"What you have suffered!" He folded his arms and looked sorrowfully down at her crouching figure. "Yes! you were not by nature coarse and unfeeling! The violence you have committed upon your heart and every principle of delicacy and truth must have cost you pain. Then you loved him!"
"Once! a long while ago!" said Sarah, hiding her face in her hands.
"Take care!" There was no softness now in his tone. "Remember that I have seen you together day by day, and that glances and actions, unnoticed at the time in my stupid blindness, recur to me now with terrible meaning. For once, speak the true voice of feeling, and own what I know already, that all the love you ever had to give belongs still to your sister's husband!"
"I will speak the truth!" Sarah arose and stood before him—face livid and eyes burning. "I did love this man! I married you, partly to please my parents, partly because I found out that by some means my secret had fallen into unscrupulous hands, and I was mad with dread of its exposure! It seemed to me that no worse shame could come upon me than to have it trumpeted abroad that I had bestowed my love unsought, and was ready to die because it was slighted. I have learned since that it is far, far worse to live a lie—to despise myself! Oh! that I had died then!" She battled with the emotion that threatened to overwhelm her and went on. "Once bound to you, it has been my hourly endeavor to feel and act as became the faithful wife of a kind, noble man. If, sometimes, I have erred in thought—if my feelings have failed me in the moment of trial—yet, in word and deed, in look and gesture, I have been true to you. No one have I deceived more thoroughly than Philip Benson. He never suspected my unfortunate partiality for himself; he believes me still, what I would give worlds to become in truth, your loyal, loving wife! It is well that you know the truth at last. I do not ask you how you have obtained the outlines of a disgraceful story, that I have tried a thousand times to tell you, but was prevented by the fear of losing your favour forever. This is my poor defence—not against your charges, but in palliation of the sin of which they justly accuse me. I can say nothing more. Do with me as you will!"
"It is but just to myself that you should hear the circumstances which accidentally revealed this matter to me."
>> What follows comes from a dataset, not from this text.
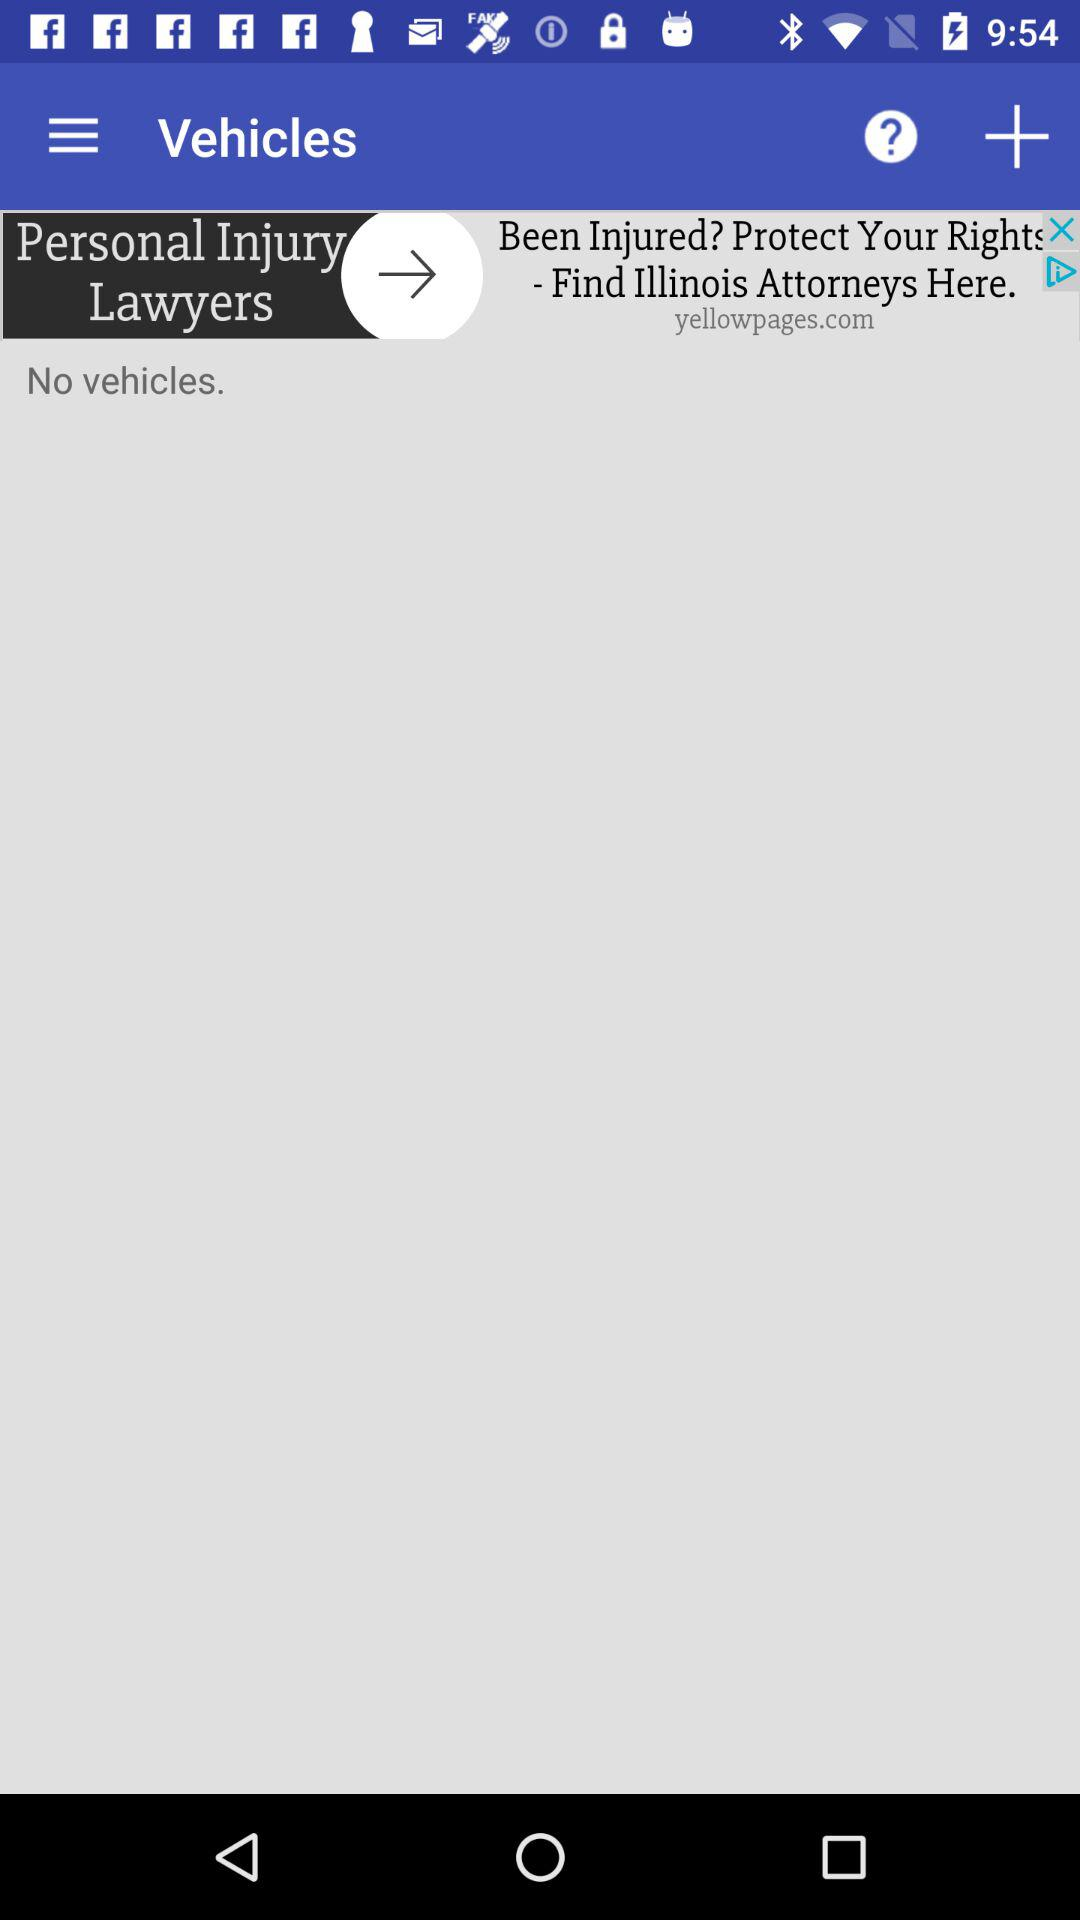How many vehicles are there? There are no vehicles.

He narrated the scene at the restaurant, and the discovery of the evening. He evinced neither relenting nor sympathy in the recital. Her confession had extinguished the last ray of hope, cherished, though unacknowledged by himself, that she might extenuate her error or give a more favorable construction to the evidence against her. It was not singular that, in the reaction of disappointment, he was ready to believe that he had not heard all; to imagine that he could perceive throughout her statement a disposition to screen Philip, that was, in itself, a proof of disingenuousness, if not deliberate falsehood. She denied that he had ever been aware of her attachment or had reciprocated it. What meant then those words—"hopes in time to have a nearer claim?" What those impassioned verses? What the linking of their initials within the shell? the motto on the wooden tablet? While these subtle queries were insinuated into his soul by some mocking spirit, he concluded the history of the discovery of the casket.
"I have never opened it since the night before I was married," said Sarah, with no haste of self-justification. "I put it into the drawer the day after we went to our house. It has not been unlocked from that day to this."
"Why keep it at all, unless as a memento of one still dear to you?"
"I felt as if I had buried it. I said to myself: 'If the time ever comes when I can disinter these relics and show them to my husband, without a pang or fear, as mementoes of a dead and almost forgotten folly, he shall destroy them, and I shall have gained a victory that will insure my lifelong happiness.'"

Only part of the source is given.